Are you worried about the Terrifying Megastorm, as we are now apparently calling it? Well, just think how much cat food, toilet paper, batteries, and beer you’d have to lay in if you were going to weather Saturn’s “Great White Spot.” This storm was as tall as North America and long enough to wrap several times around the Earth, and it raised the temperature in one part of the atmosphere by more than 150 degrees F.
The Great White Spot is an annual storm on Saturn, but this particular one — the biggest yet seen on the planet — started in December 2010 as an unobtrusive-looking smudge. It quickly expanded to a band of storm activity stretching all the way around the massive gas planet, and thanks to the Cassini satellite, researchers were able to observe it in hitherto unprecedented ways. Most importantly, they could look at it in the infrared, which is how they noticed two “beacons” of very increased temperature. Eventually, these two hotspots merged into a large area with an 80-Kelvin temperature jump, more than 150 degrees F. That’s the largest temperature increase Saturn’s ever seen.

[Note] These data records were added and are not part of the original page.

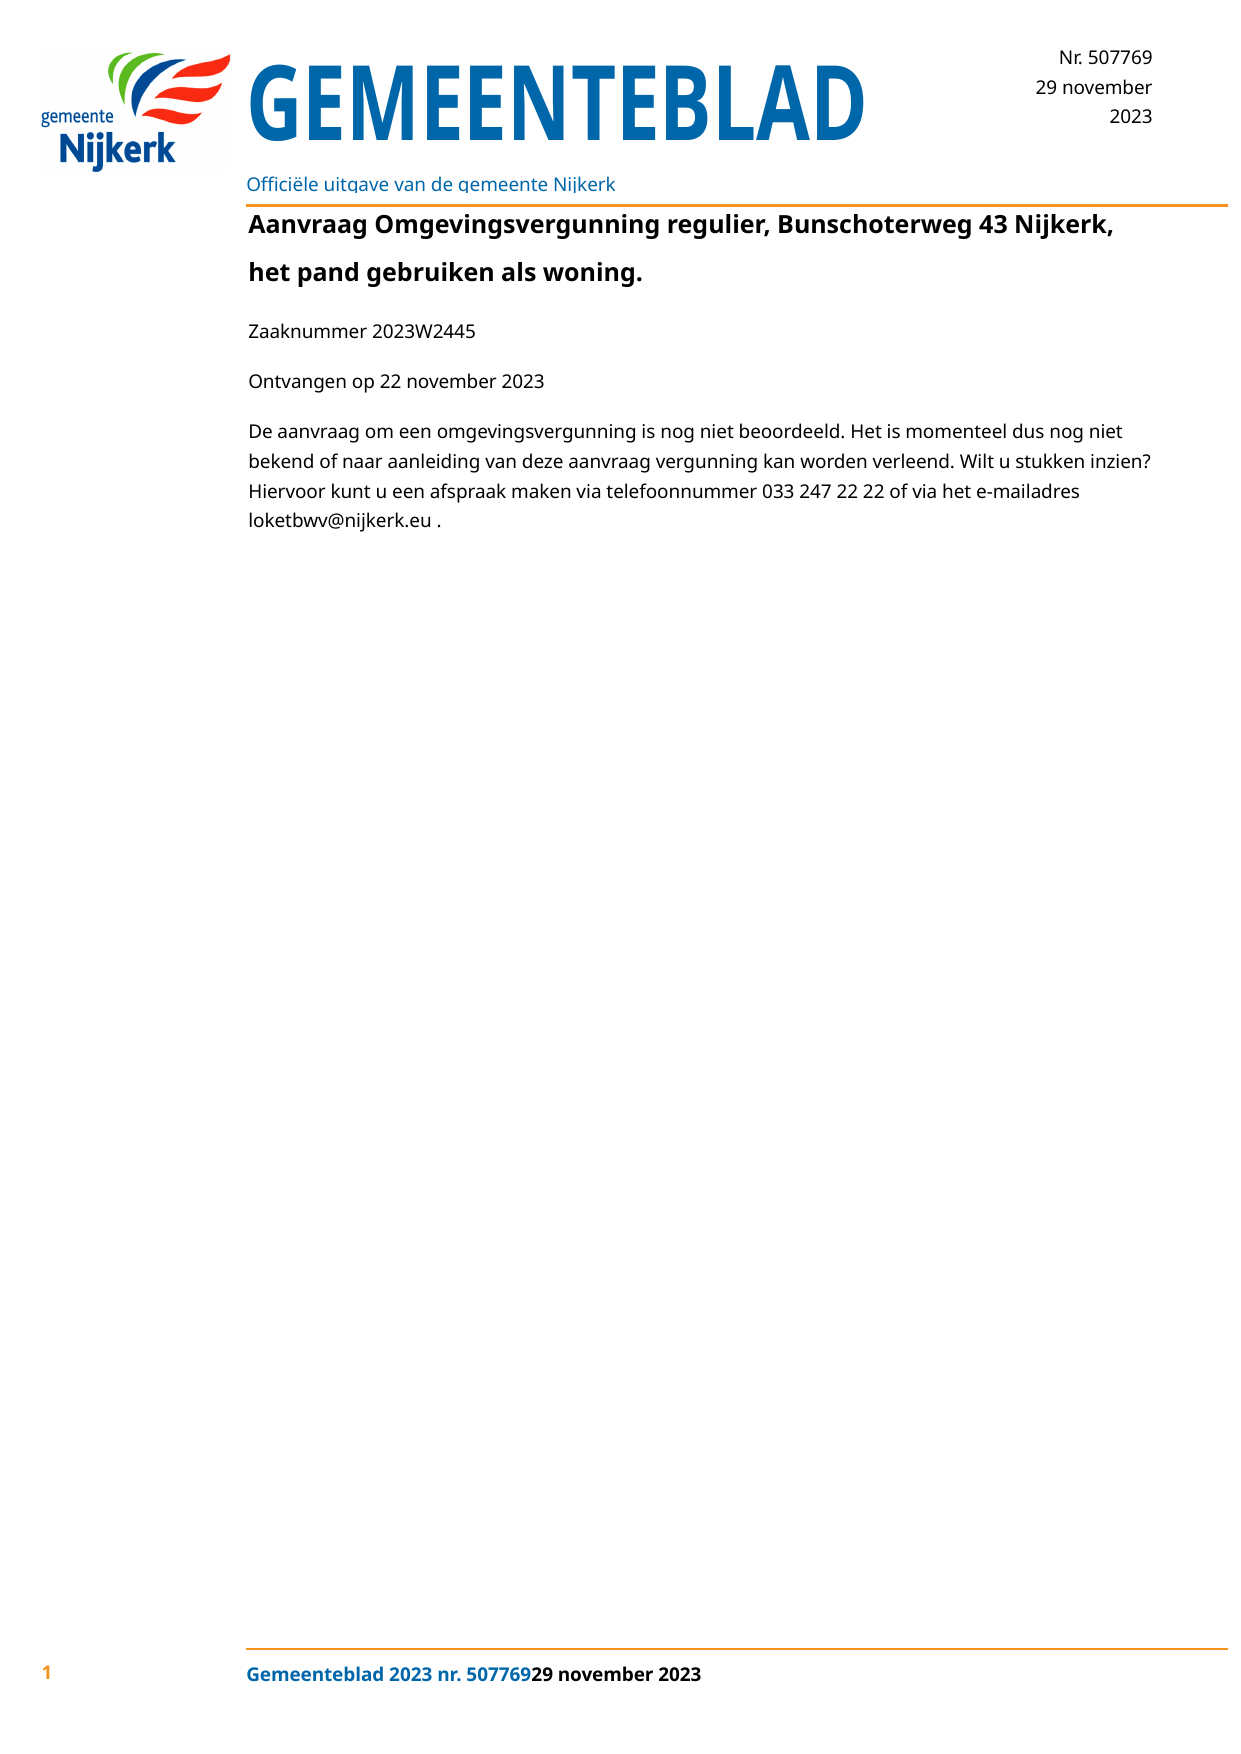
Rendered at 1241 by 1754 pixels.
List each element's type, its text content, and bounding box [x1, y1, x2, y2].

text De aanvraag om een omgevingsvergunning is nog niet beoordeeld. Het is momenteel dus nog niet bekend of naar aanleiding van deze aanvraag vergunning kan worden verleend. Wilt u stukken inzien? Hiervoor kunt u een afspraak maken via telefoonnummer 033 247 22 22 of via het e-mailadres loketbwv@nijkerk.eu . [248, 419, 1152, 533]
text Ontvangen op 22 november 2023 [248, 368, 1152, 394]
text Zaaknummer 2023W2445 [248, 318, 1152, 344]
picture [41, 47, 231, 172]
text Aanvraag Omgevingsvergunning regulier, Bunschoterweg 43 Nijkerk, het pand gebruiken als woning. [248, 207, 1152, 288]
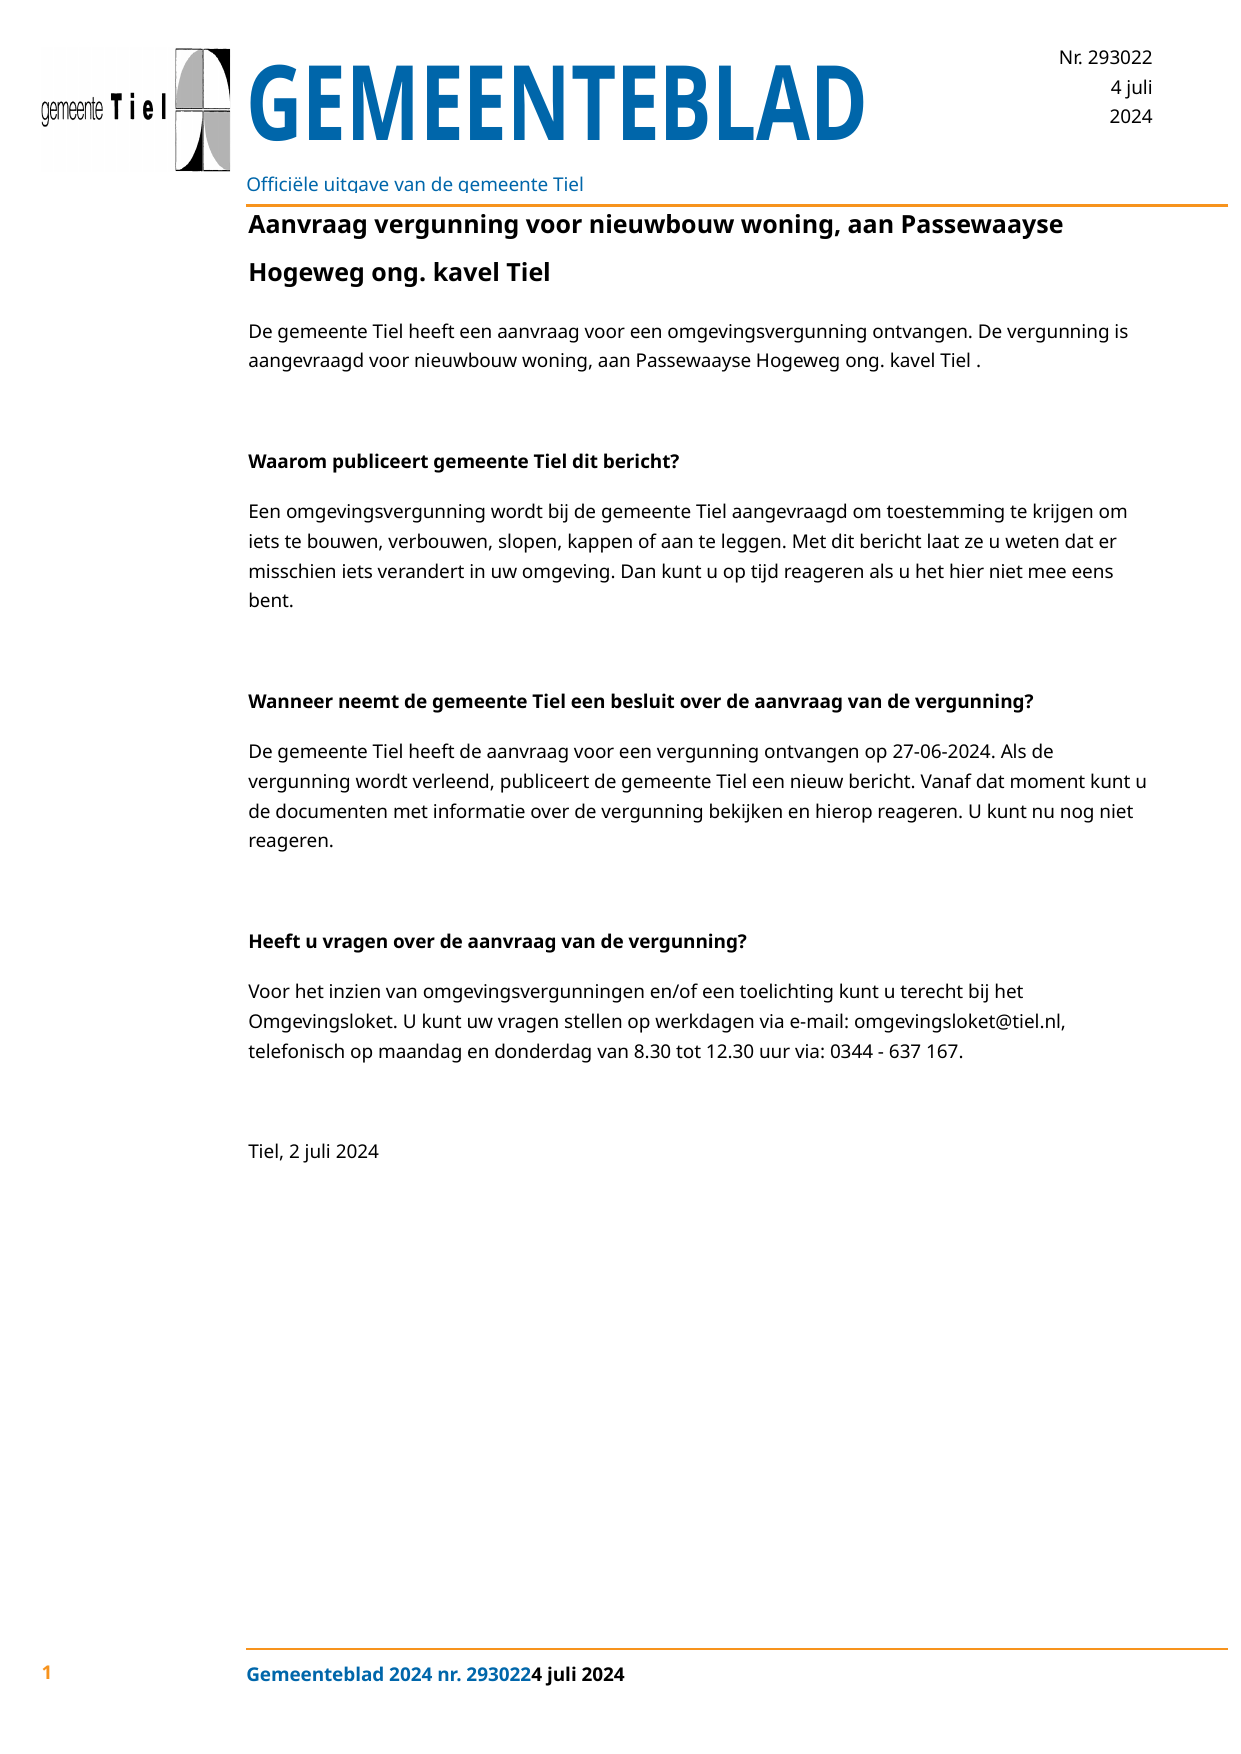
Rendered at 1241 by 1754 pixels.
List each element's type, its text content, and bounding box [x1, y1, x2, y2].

picture [41, 47, 231, 172]
text Waarom publiceert gemeente Tiel dit bericht? [248, 448, 1152, 474]
text Een omgevingsvergunning wordt bij de gemeente Tiel aangevraagd om toestemming te krijgen om iets te bouwen, verbouwen, slopen, kappen of aan te leggen. Met dit bericht laat ze u weten dat er misschien iets verandert in uw omgeving. Dan kunt u op tijd reageren als u het hier niet mee eens bent. [248, 499, 1152, 613]
text De gemeente Tiel heeft een aanvraag voor een omgevingsvergunning ontvangen. De vergunning is aangevraagd voor nieuwbouw woning, aan Passewaayse Hogeweg ong. kavel Tiel . [248, 318, 1152, 373]
text Tiel, 2 juli 2024 [248, 1139, 1152, 1164]
text Aanvraag vergunning voor nieuwbouw woning, aan Passewaayse Hogeweg ong. kavel Tiel [248, 207, 1152, 288]
text Heeft u vragen over de aanvraag van de vergunning? [248, 928, 1152, 954]
text Wanneer neemt de gemeente Tiel een besluit over de aanvraag van de vergunning? [248, 688, 1152, 714]
text Voor het inzien van omgevingsvergunningen en/of een toelichting kunt u terecht bij het Omgevingsloket. U kunt uw vragen stellen op werkdagen via e-mail: omgevingsloket@tiel.nl, telefonisch op maandag en donderdag van 8.30 tot 12.30 uur via: 0344 - 637 167. [248, 979, 1152, 1064]
text De gemeente Tiel heeft de aanvraag voor een vergunning ontvangen op 27-06-2024. Als de vergunning wordt verleend, publiceert de gemeente Tiel een nieuw bericht. Vanaf dat moment kunt u de documenten met informatie over de vergunning bekijken en hierop reageren. U kunt nu nog niet reageren. [248, 739, 1152, 853]

According to planetary research scientist Brigette Hesman,
[t]his temperature spike is so extreme it’s almost unbelievable, especially in this part of Saturn’s atmosphere, which typically is very stable. To get a temperature change of the same scale on Earth, you’d be going from the depths of winter in Fairbanks, Alaska, to the height of summer in the Mojave Desert.
The storm also produced a huge increase in ethylene, a flammable hydrocarbon gas that had never been detected on Saturn before. Ethylene concentrations during the storm were 100 times higher than scientists had previously thought possible on the planet, and it’s still not clear what that was about.
It’s funny that the storm on Saturn caused warming, while the opposite is happening here on Earth. It’s also very funny that NASA’s article about the temperature increase is headlined “NASA Spacecraft Sees Huge Burp at Saturn After Large Storm.” Maybe Saturn should have bought slightly more batteries, slightly less beer.